2015 single by Dream5

"Yo-kai Exercise No. 2" (ようかい体操第二, Yōkai Taisō Dai-ni) is the 14th and final single by Japanese co-ed group Dream5. Released as a single on June 17, 2015, "Yo-kai Exercise No. 2" is the fourth Japanese ending theme to the 2014 Yo-kai Watch TV-series, succeeding "Don-Don-Dooby-Zoo-Bah!", also by Dream5, and preceding "Space Dance!" by Kotori with Stitch Bird.

== Background and release ==
"Yo-kai Exercise No. 2" acts as a sequel to Dream5's 12th single, "Yo-kai Exercise No. 1", which was also used as an ending theme to the Yo-kai Watch TV-series. Due to "Yo-kai Exercise No. 1" being "a hit", multiple Dream5 members stated that they felt pressured to make "Yo-kai Exercise No. 2" a good follow-up. The song was choreographed by Lucky Ikeda, who had previously choreographed multiple other songs for the Yo-kai Watch series, such as "Gera Gera Po" and "Don-Don-Dooby-Zoo-Bah!". According to Dream5 member Kotori Shigemoto, Ikeda based the choreography on the song's lyrics.
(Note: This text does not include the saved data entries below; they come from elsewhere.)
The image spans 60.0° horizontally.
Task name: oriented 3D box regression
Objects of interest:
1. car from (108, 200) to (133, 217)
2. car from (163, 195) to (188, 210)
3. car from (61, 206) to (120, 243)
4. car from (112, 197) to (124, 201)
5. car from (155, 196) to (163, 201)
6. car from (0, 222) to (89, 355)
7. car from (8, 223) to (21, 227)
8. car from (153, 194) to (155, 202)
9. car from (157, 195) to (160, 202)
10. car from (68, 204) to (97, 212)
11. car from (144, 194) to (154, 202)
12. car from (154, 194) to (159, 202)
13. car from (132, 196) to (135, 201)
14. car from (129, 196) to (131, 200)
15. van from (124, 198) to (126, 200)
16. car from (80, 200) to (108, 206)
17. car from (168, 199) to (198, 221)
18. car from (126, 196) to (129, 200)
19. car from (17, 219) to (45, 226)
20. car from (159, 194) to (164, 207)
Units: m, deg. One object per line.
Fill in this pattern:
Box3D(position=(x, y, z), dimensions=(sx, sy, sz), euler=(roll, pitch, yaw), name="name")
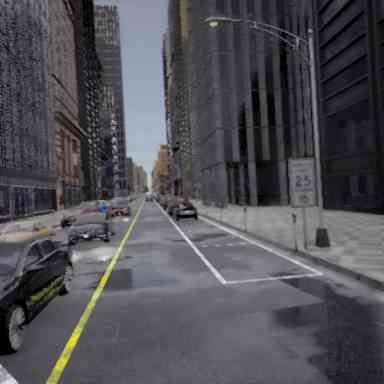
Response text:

"Yo-kai Exercise No. 2" was first shown at the Level-5 Vision event on April 7, 2015, where it was performed live by Dream5. The song later debuted in the Yo-kai Watch TV-series as the new ending theme in episode 68, aired May 8, 2015. On the same day, a short version of the song was uploaded to YouTube by Avex Trax. The song was released as a CD and DVD later on June 17, under the FRAME label.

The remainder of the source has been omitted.